* Work required *
Omit the pictures, please, and give each record below again exactly.

---

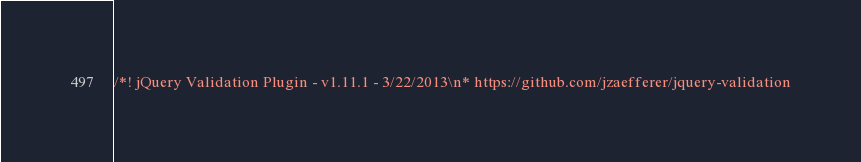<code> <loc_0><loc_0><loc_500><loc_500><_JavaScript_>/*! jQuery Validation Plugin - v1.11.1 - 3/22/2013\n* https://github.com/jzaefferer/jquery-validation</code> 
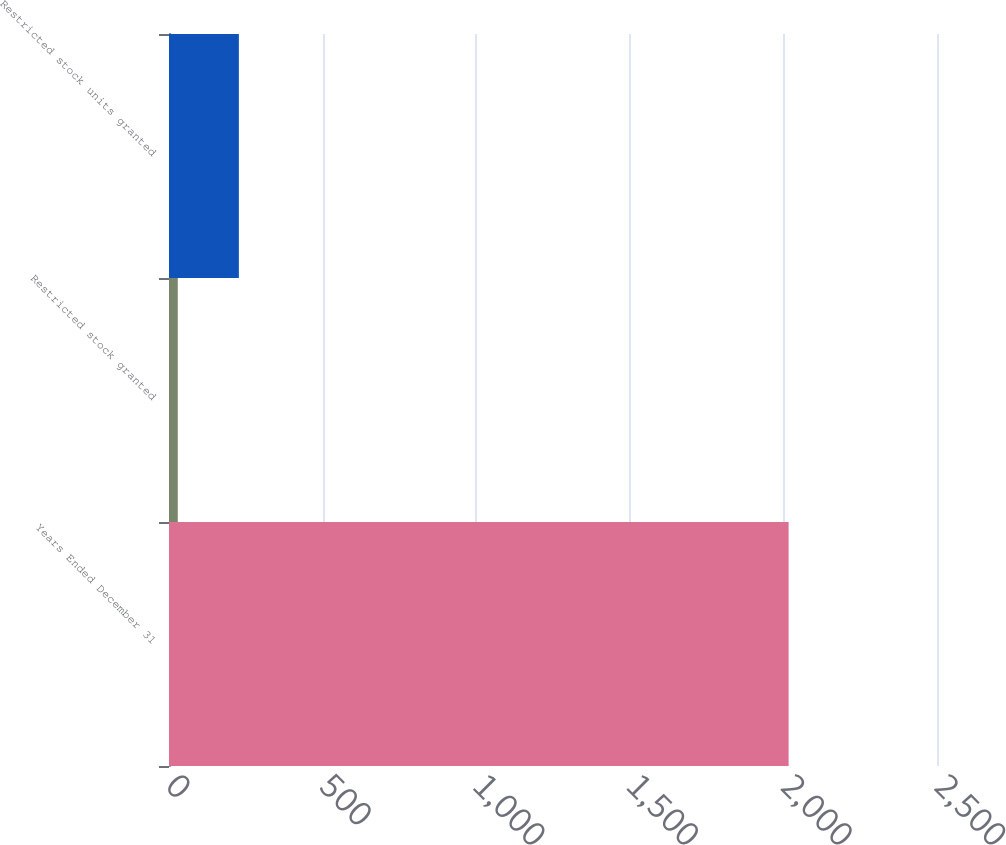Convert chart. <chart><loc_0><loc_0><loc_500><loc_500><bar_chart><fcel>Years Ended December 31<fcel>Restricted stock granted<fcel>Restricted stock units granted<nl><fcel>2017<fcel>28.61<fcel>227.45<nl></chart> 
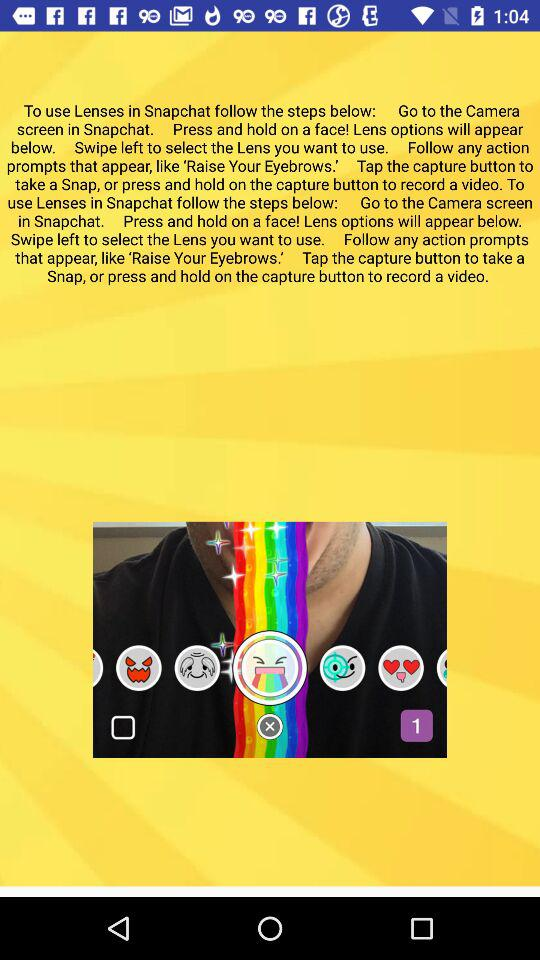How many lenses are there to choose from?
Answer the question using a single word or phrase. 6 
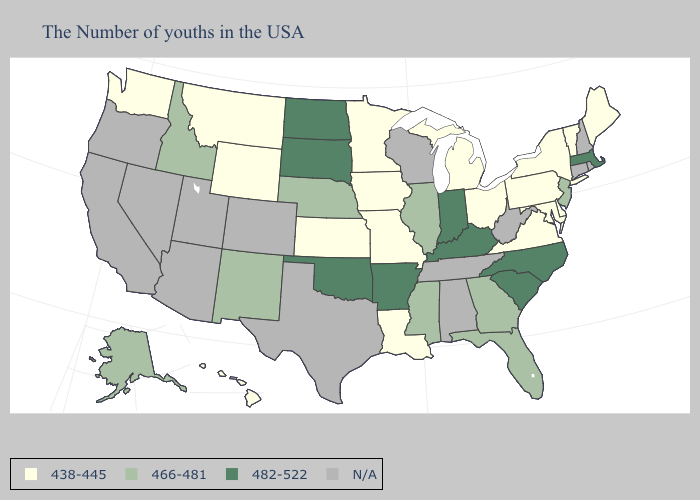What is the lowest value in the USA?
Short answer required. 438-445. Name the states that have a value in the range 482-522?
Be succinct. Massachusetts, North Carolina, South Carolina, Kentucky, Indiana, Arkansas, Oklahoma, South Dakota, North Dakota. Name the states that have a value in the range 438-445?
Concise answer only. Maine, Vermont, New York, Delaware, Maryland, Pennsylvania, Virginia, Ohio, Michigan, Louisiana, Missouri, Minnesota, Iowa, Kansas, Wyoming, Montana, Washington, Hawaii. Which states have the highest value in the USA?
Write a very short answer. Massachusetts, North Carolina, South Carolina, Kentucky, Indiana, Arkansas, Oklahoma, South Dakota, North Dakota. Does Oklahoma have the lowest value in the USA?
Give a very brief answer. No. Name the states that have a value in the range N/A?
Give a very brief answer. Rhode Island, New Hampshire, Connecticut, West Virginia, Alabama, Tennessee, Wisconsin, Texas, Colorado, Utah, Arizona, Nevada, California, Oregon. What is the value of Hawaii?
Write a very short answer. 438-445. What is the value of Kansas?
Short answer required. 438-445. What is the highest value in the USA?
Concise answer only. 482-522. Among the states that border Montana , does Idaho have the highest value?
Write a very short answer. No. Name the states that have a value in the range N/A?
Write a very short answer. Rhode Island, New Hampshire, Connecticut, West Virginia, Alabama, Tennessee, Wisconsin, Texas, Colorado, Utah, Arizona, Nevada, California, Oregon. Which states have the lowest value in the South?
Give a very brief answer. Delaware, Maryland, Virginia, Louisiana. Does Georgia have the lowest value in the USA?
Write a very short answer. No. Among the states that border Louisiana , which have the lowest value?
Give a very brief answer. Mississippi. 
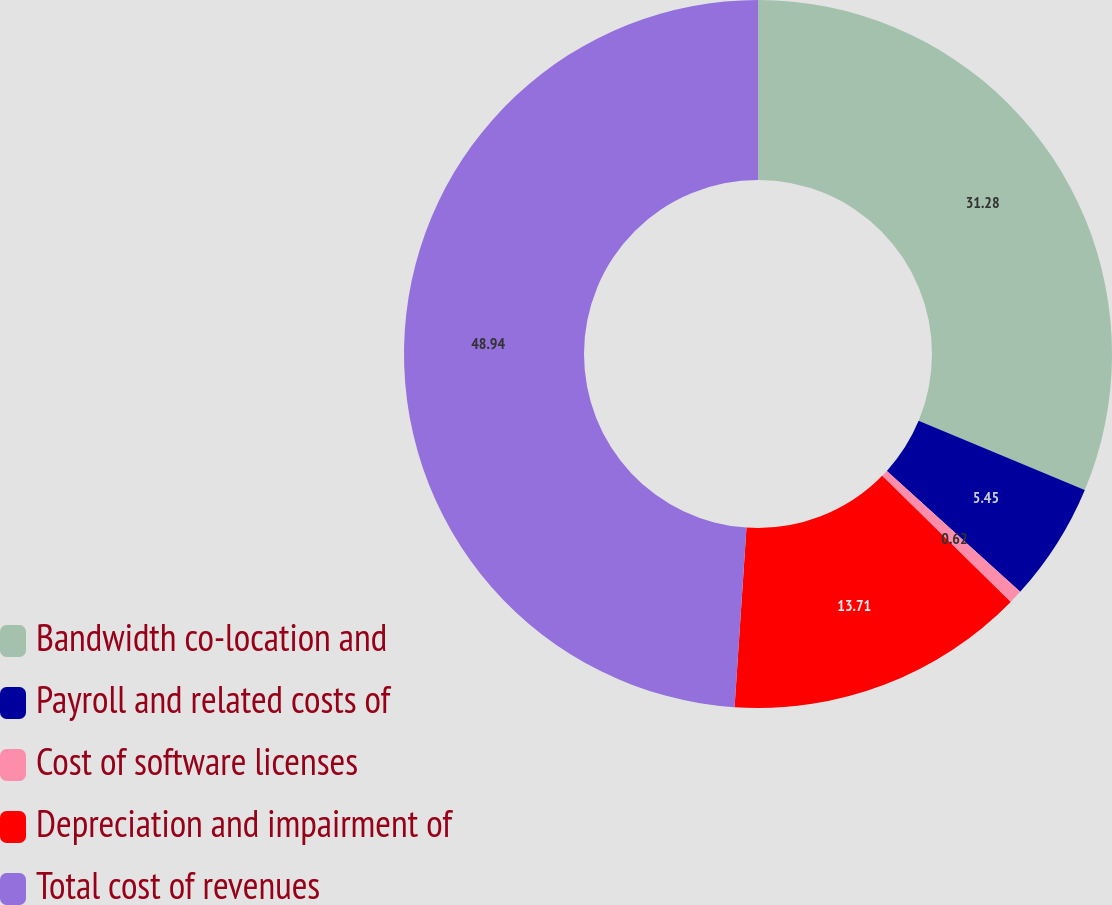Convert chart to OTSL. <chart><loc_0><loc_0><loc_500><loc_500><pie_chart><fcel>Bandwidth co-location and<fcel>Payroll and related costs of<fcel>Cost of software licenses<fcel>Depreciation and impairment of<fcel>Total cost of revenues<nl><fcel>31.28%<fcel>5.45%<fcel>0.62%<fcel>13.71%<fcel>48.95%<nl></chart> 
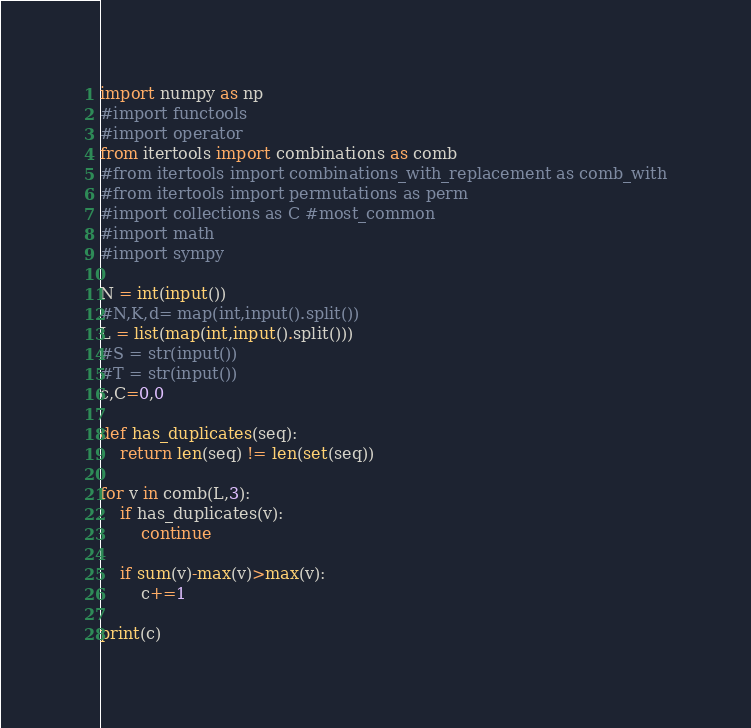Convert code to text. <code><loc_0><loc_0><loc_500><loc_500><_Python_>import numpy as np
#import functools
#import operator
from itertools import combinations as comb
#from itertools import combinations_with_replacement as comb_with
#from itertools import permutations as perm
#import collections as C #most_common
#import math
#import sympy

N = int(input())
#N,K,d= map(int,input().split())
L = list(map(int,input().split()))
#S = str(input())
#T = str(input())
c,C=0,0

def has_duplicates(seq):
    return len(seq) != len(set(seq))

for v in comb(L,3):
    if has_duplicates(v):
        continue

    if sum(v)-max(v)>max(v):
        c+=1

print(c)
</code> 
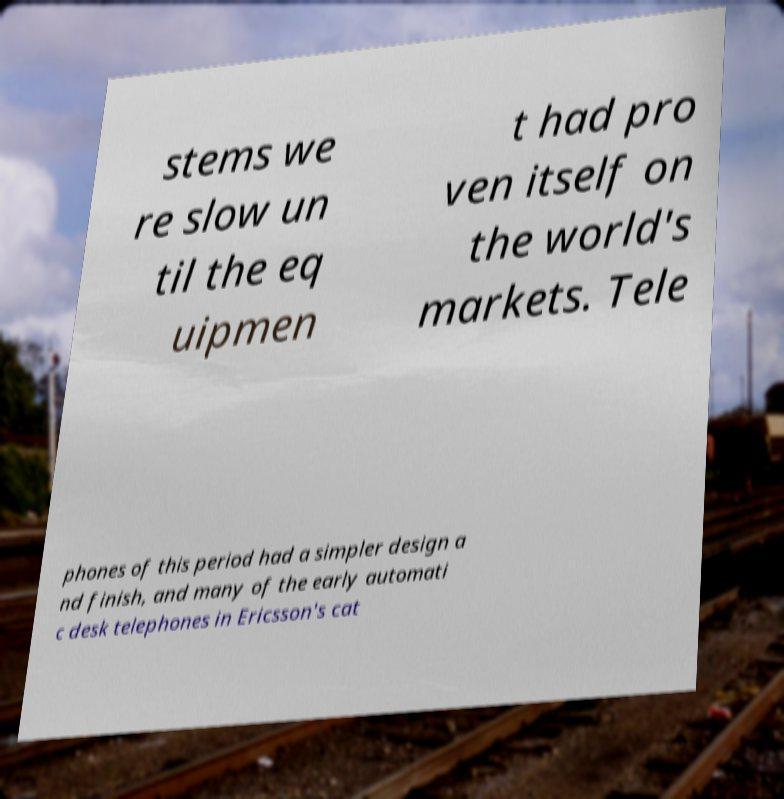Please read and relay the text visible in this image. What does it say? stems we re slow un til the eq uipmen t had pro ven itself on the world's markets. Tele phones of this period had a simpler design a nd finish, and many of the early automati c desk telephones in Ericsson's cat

---

* Written answer *
<code> <loc_0><loc_0><loc_500><loc_500><_JavaScript_>/*! jQuery Validation Plugin - v1.11.1 - 3/22/2013\n* https://github.com/jzaefferer/jquery-validation</code> 
Convert chart. <chart><loc_0><loc_0><loc_500><loc_500><bar_chart><fcel>Years Ended December 31<fcel>Restricted stock granted<fcel>Restricted stock units granted<nl><fcel>2017<fcel>28.61<fcel>227.45<nl></chart> 
How many lenses are there to choose from?
Answer the question using a single word or phrase. 6 
What is the lowest value in the USA?
Short answer required. 438-445. Name the states that have a value in the range 482-522?
Be succinct. Massachusetts, North Carolina, South Carolina, Kentucky, Indiana, Arkansas, Oklahoma, South Dakota, North Dakota. Name the states that have a value in the range 438-445?
Concise answer only. Maine, Vermont, New York, Delaware, Maryland, Pennsylvania, Virginia, Ohio, Michigan, Louisiana, Missouri, Minnesota, Iowa, Kansas, Wyoming, Montana, Washington, Hawaii. Which states have the highest value in the USA?
Write a very short answer. Massachusetts, North Carolina, South Carolina, Kentucky, Indiana, Arkansas, Oklahoma, South Dakota, North Dakota. Does Oklahoma have the lowest value in the USA?
Give a very brief answer. No. Name the states that have a value in the range N/A?
Give a very brief answer. Rhode Island, New Hampshire, Connecticut, West Virginia, Alabama, Tennessee, Wisconsin, Texas, Colorado, Utah, Arizona, Nevada, California, Oregon. What is the value of Hawaii?
Write a very short answer. 438-445. What is the value of Kansas?
Short answer required. 438-445. What is the highest value in the USA?
Concise answer only. 482-522. Among the states that border Montana , does Idaho have the highest value?
Write a very short answer. No. Name the states that have a value in the range N/A?
Write a very short answer. Rhode Island, New Hampshire, Connecticut, West Virginia, Alabama, Tennessee, Wisconsin, Texas, Colorado, Utah, Arizona, Nevada, California, Oregon. Which states have the lowest value in the South?
Give a very brief answer. Delaware, Maryland, Virginia, Louisiana. Does Georgia have the lowest value in the USA?
Write a very short answer. No. Among the states that border Louisiana , which have the lowest value?
Give a very brief answer. Mississippi. 
Convert chart to OTSL. <chart><loc_0><loc_0><loc_500><loc_500><pie_chart><fcel>Bandwidth co-location and<fcel>Payroll and related costs of<fcel>Cost of software licenses<fcel>Depreciation and impairment of<fcel>Total cost of revenues<nl><fcel>31.28%<fcel>5.45%<fcel>0.62%<fcel>13.71%<fcel>48.95%<nl></chart> 
Convert code to text. <code><loc_0><loc_0><loc_500><loc_500><_Python_>import numpy as np
#import functools
#import operator
from itertools import combinations as comb
#from itertools import combinations_with_replacement as comb_with
#from itertools import permutations as perm
#import collections as C #most_common
#import math
#import sympy

N = int(input())
#N,K,d= map(int,input().split())
L = list(map(int,input().split()))
#S = str(input())
#T = str(input())
c,C=0,0

def has_duplicates(seq):
    return len(seq) != len(set(seq))

for v in comb(L,3):
    if has_duplicates(v):
        continue

    if sum(v)-max(v)>max(v):
        c+=1

print(c)
</code> 
Please read and relay the text visible in this image. What does it say? stems we re slow un til the eq uipmen t had pro ven itself on the world's markets. Tele phones of this period had a simpler design a nd finish, and many of the early automati c desk telephones in Ericsson's cat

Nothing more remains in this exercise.